▶ WHAT THE TASK ASKS
Nothing but the lines below between the line holding "Numbers: x, y, z, sx, sy, sz, roll, pitch, yaw." and the line holding "0.258 7 65 -12", inclusive, should appear in the answer, each set down exactly.

▶ DATA IN THIS EXERCISE
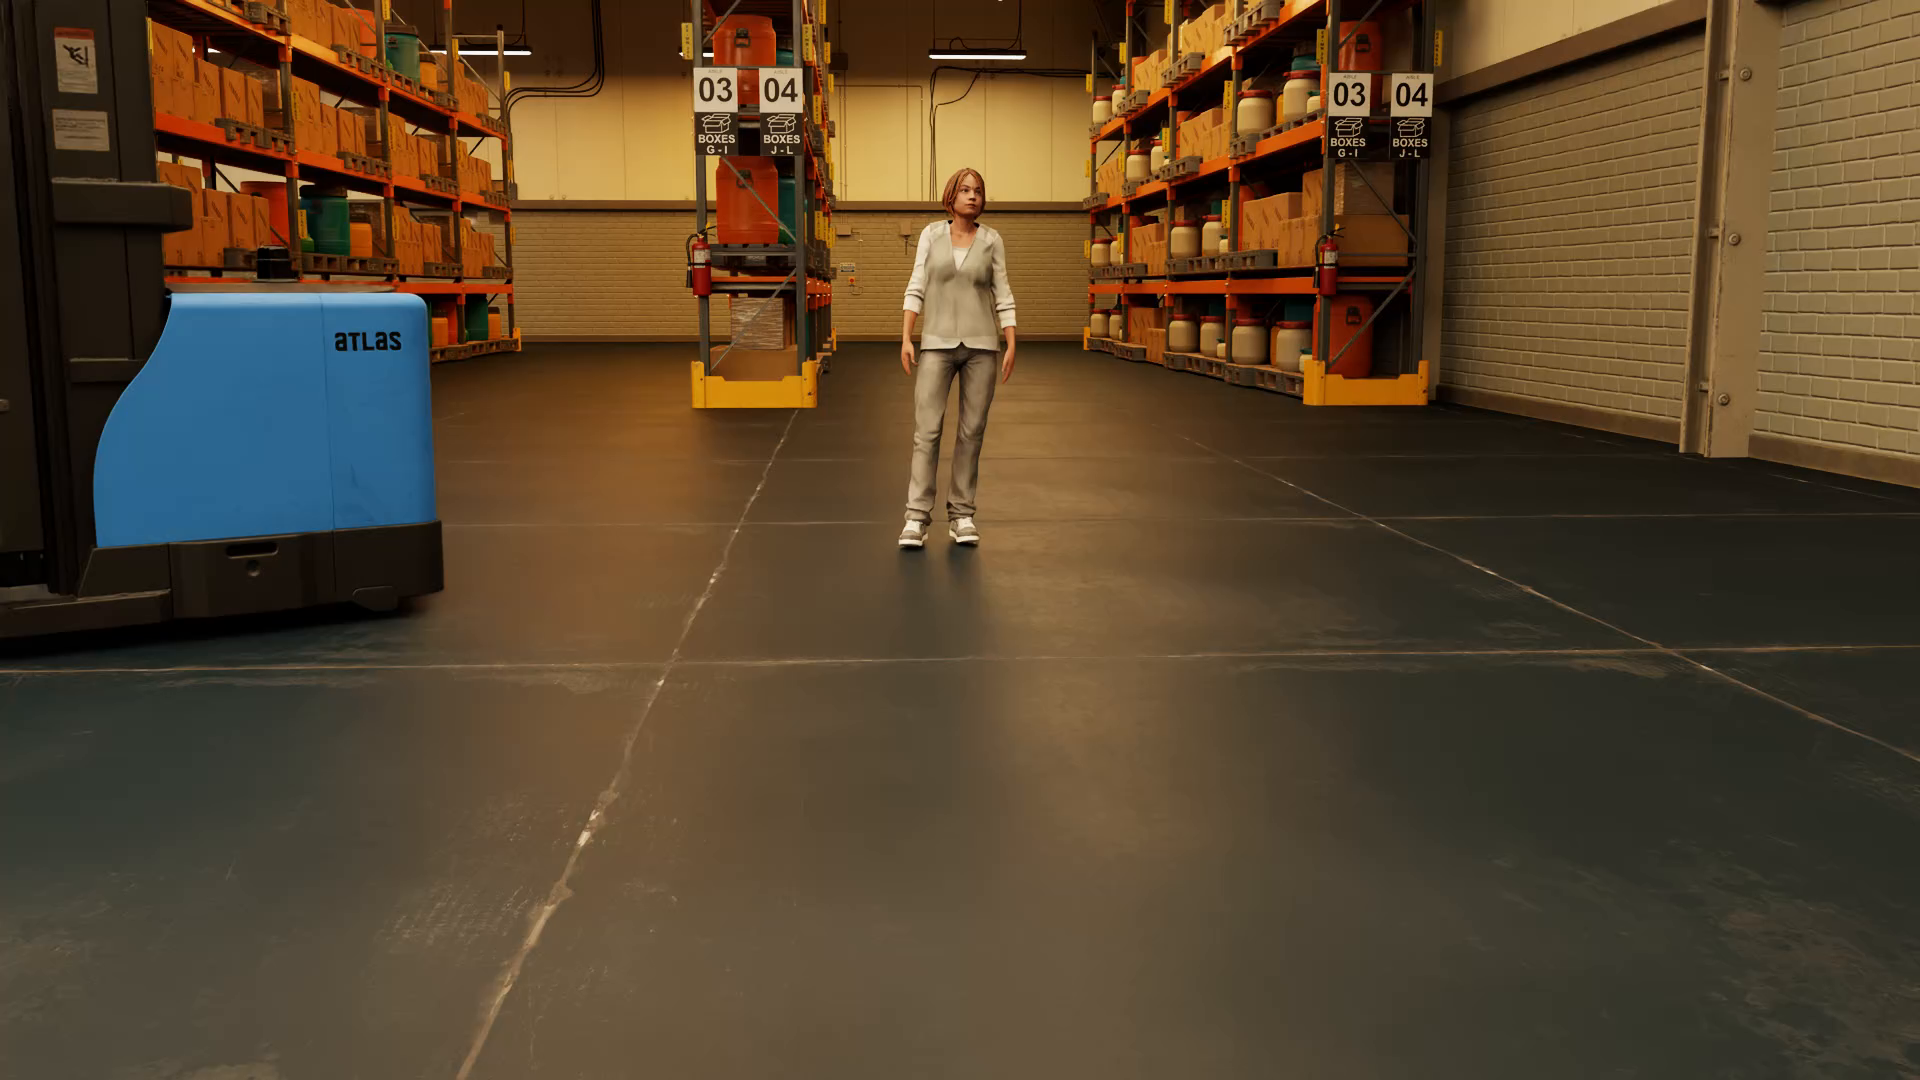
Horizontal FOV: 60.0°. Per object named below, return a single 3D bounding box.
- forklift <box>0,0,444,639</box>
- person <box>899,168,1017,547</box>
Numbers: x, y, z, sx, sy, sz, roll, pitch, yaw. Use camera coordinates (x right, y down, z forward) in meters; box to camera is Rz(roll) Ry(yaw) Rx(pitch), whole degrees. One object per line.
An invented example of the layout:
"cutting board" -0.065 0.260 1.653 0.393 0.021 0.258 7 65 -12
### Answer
"forklift" -3.268 -1.142 5.019 3.031 2.935 1.130 -6 10 -34
"person" -0.010 -0.787 7.117 0.520 1.599 0.473 -1 8 -4

▶ EXERCISE ANSWER
Numbers: x, y, z, sx, sy, sz, roll, pitch, yaw. Use camera coordinates (x right, y down, z forward) in meters; box to camera is Rz(roll) Ry(yaw) Rx(pitch), whole degrees. One object per line.
An invented example of the layout:
"cutting board" -0.065 0.260 1.653 0.393 0.021 0.258 7 65 -12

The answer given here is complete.